11.2 Different types of investigation¶
11.2.1 Classification¶
The research question informs what type of investigation is required. Investigations can be divided broadly into the following types:
Description
Prediction
Causality and explanation
Hernan, Hsu & Healy (Chance, 2019) set out to classify data science tasks and used three classifications: Description, Prediction, and Counterfactual prediction (meaning causality). Schmueli (Statistical Science, 2010) also described similar classifications: Descriptive modelling, Predictive modelling, and Explanatory modelling. See also Hand (Harvard Data Science Review, 2019) for a nice discussion on this topic.
11.2.2 Implications of investigation type¶
The distinction between the different types of investigation is crucial because it has a fundamental impact on the steps of the analysis and beyond. For example, the investigation type influences:
How we decide what variables are to be included in the analysis
What analysis methods to use
How we assess the fit/performance of the model or oter analysis approach used
How we present the results from the analysis
How the findings might be used in practice
How we need to work with other experts at different stages
11.2.3 The role of study design¶
The different types of investigation may be performed using data from studies of different design.
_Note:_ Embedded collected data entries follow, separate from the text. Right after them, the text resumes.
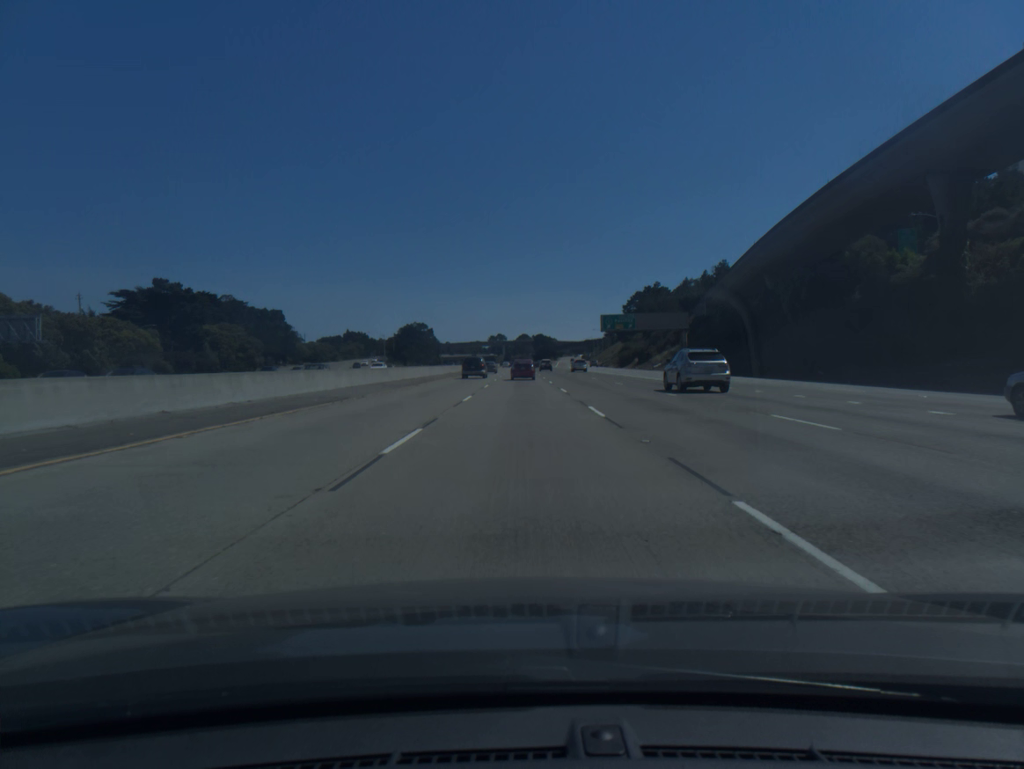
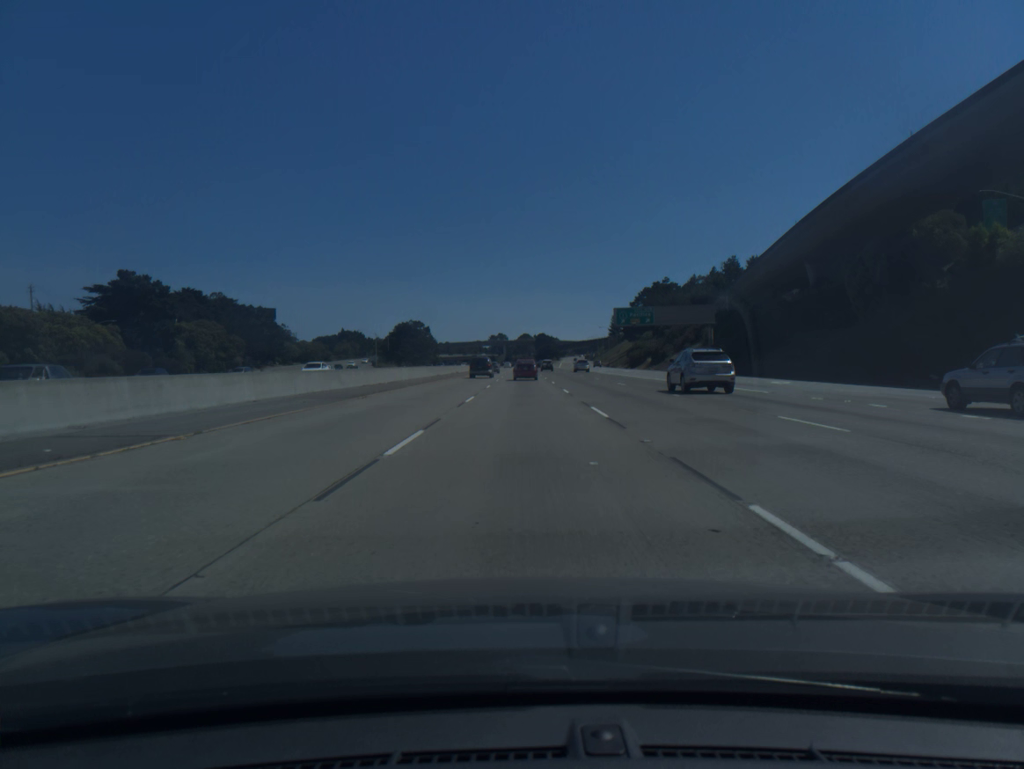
(0.0, +14.7) m; 0°
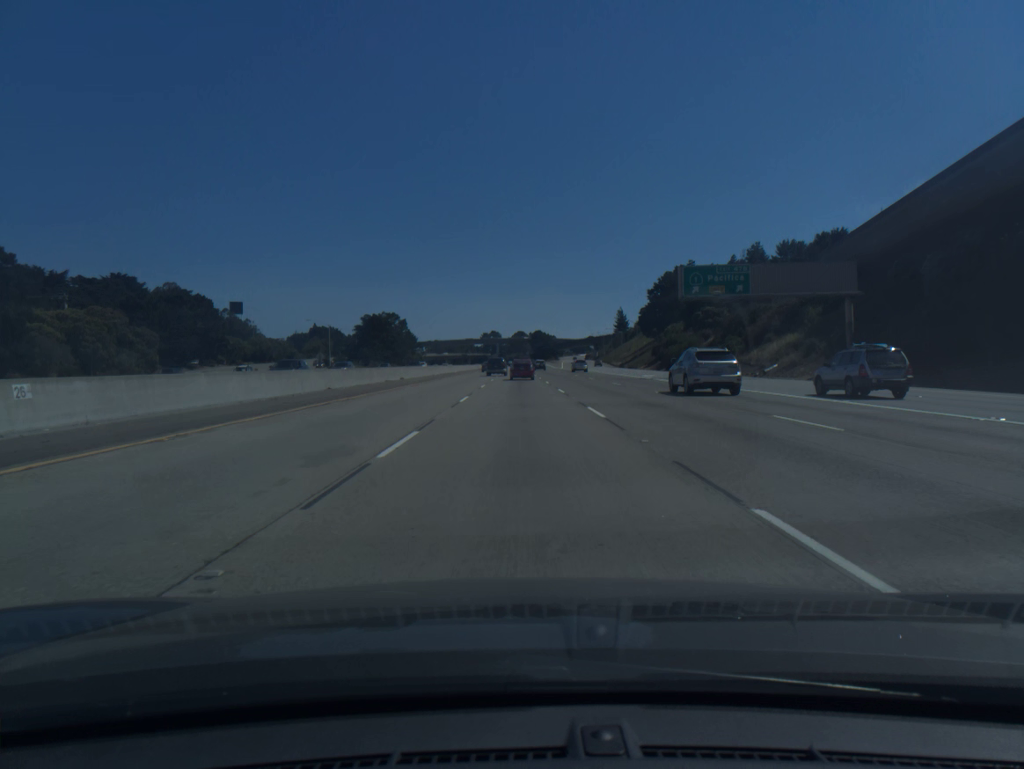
(+0.1, +44.0) m; 0°
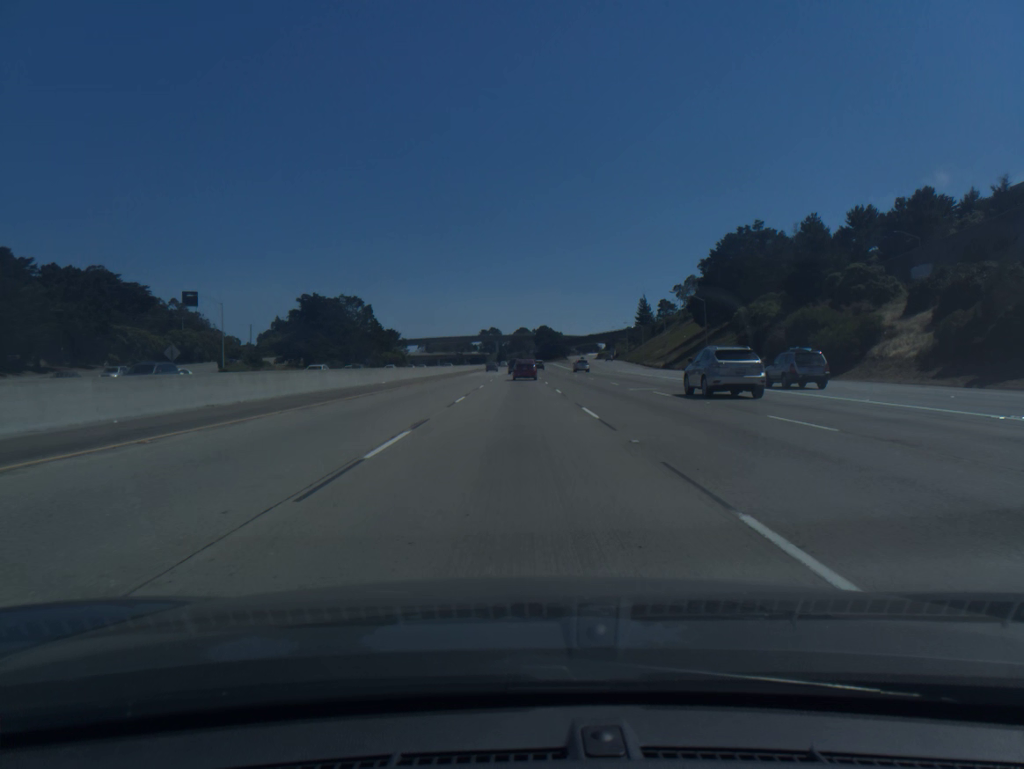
(0.0, +58.6) m; 0°
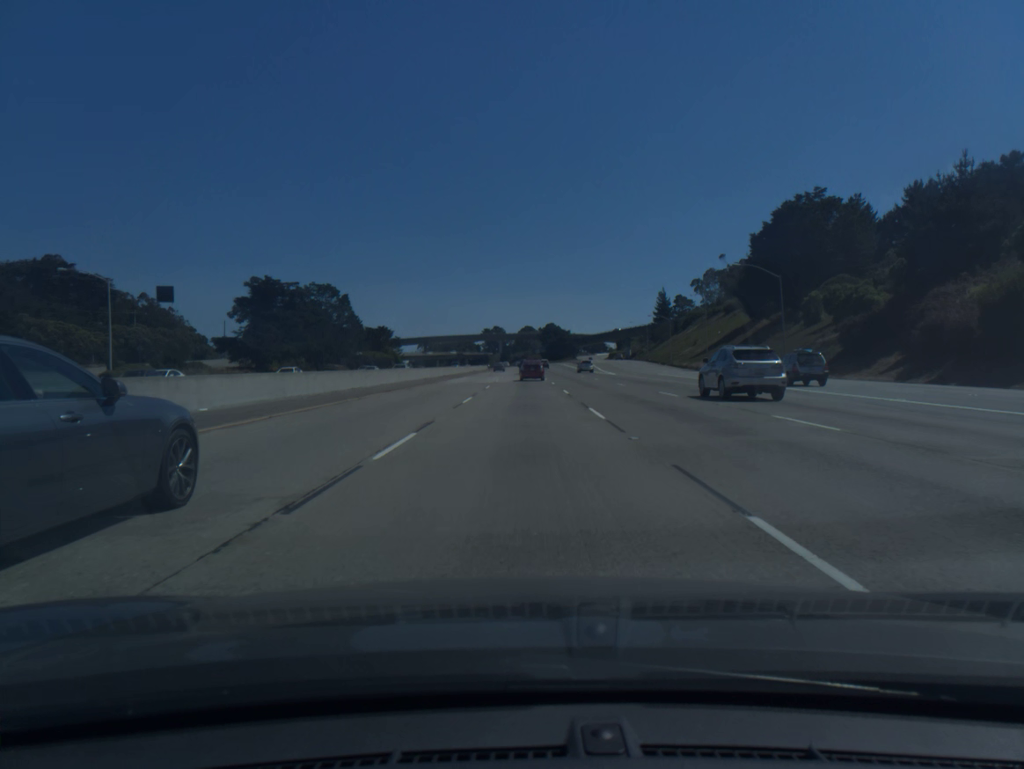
(-0.1, +29.2) m; 0°
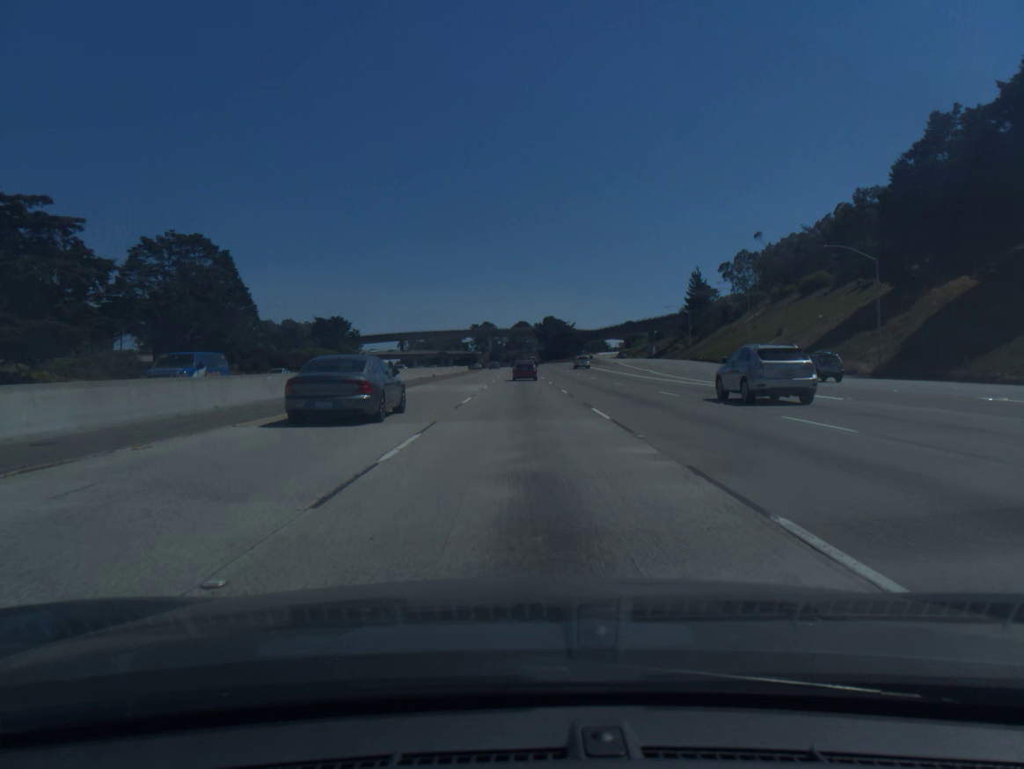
(+0.1, +58.6) m; +1°
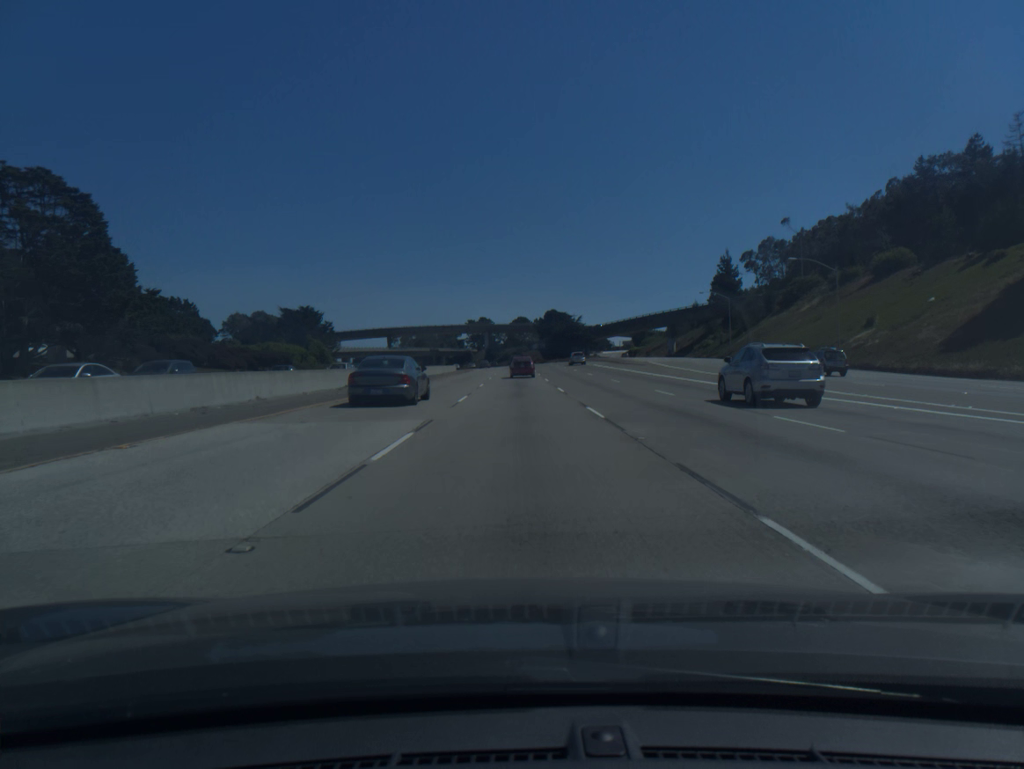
(+0.1, +29.2) m; 0°

Having posed a research question, we can consider (with input from collaborators) what data are required to answer it robustly, including whether new data collection is needed, or whether there are existing data that could be used to address the question. This process needs to take into account considerations of cost, timeliness, feasibility and ethics. For example, for some questions our ideal study could be a randomized controlled trial, but to perform one would require such long followup that it would be infeasible and unethical, and so we would turn to observational data to address the research question. There is a major emphasis in the recent biostatistical and epidemiological literature on the use of ‘found’ data from sources such as electronic health records, which present great opportunities to answer research questions using data on a large number of individuals, but also present challenges for analysis and interpretation. All three types of investigation may make use of observational data. Randomized controlled trials are designed to estimate treatment effects (i.e. for causal investigations), but secondary analyses of trial data can be used in other types of investigation, such as to develop a prediction model.